Customizing Health Checks
You can add your own health checks by implementing HealthIndicator
:
@Component
public class CustomHealthIndicator implements HealthIndicator {
@Override
public Health health() {
boolean systemUp = checkSystemStatus();
if (systemUp) {
return Health.up().withDetail("CustomService", "Available").build();
} else {
return Health.down().withDetail("CustomService", "Not Available").build();
}
}
private boolean checkSystemStatus() {
// Custom logic here, e.g., ping an external API or check resource availability
return true;
}
}
Now, /actuator/health
will include your custom health details.
Enabling/Disabling Endpoints
Not all endpoints are enabled by default for security reasons. Configure them in application.properties
or application.yml
:
management.endpoints.web.exposure.include=health,info,metrics,loggers
management.endpoint.health.show-details=always
Or to expose all endpoints (not recommended for production):
management.endpoints.web.exposure.include=*
Monitoring Metrics
Actuator collects tons of JVM and HTTP metrics automatically, accessible via /actuator/metrics
.
Example: Check JVM memory usage
GET /actuator/metrics/jvm.memory.used
Response includes measurements with tags like heap vs non-heap, memory pool names, etc.
Integrating with Monitoring Systems
Actuator integrates seamlessly with external monitoring and visualization systems like:
- Prometheus: Use
micrometer-registry-prometheus
to expose metrics in Prometheus format. - Grafana: Visualize Prometheus metrics.

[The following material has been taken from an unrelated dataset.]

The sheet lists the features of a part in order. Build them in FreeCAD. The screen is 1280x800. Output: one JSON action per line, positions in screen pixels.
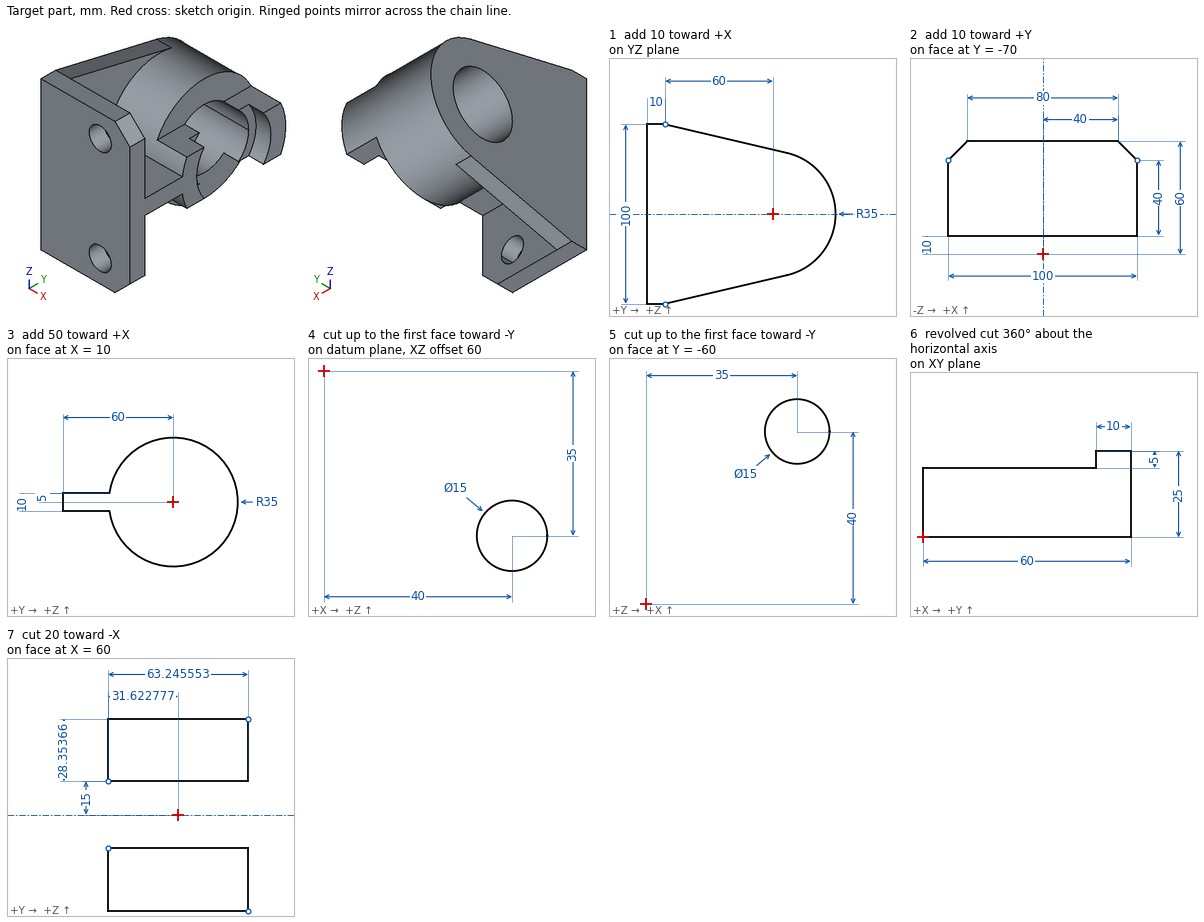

- Spring Boot Admin: A community project to monitor and manage Spring Boot applications via a nice UI.
Add Prometheus support:
<dependency>
<groupId>io.micrometer</groupId>
<artifactId>micrometer-registry-prometheus</artifactId>
</dependency>
Health Checks for Kubernetes
Kubernetes uses readiness and liveness probes to manage container lifecycle. Spring Boot Actuator can be configured to support these:
management.health.probes.enabled=true
management.endpoint.health.probes.enabled=true
You can then wire Kubernetes probes to endpoints like:
/actuator/health/liveness
/actuator/health/readiness
Summary
Spring Boot Actuator:
- Provides easy-to-use monitoring & management endpoints.
- Enables health checks essential for microservices and cloud environments.
- Collects detailed JVM, HTTP, and custom application metrics.
- Integrates smoothly with popular monitoring tools.
- Supports readiness and liveness for Kubernetes and other orchestrators.
Adding Actuator to your Spring Boot projects equips you with powerful insights and control with minimal effort.
Next Steps
- Try creating your own
HealthIndicator
for custom components. - Explore Micrometer to add application-specific metrics.
- Set up Prometheus and Grafana dashboards.
- Learn how to secure actuator endpoints in production.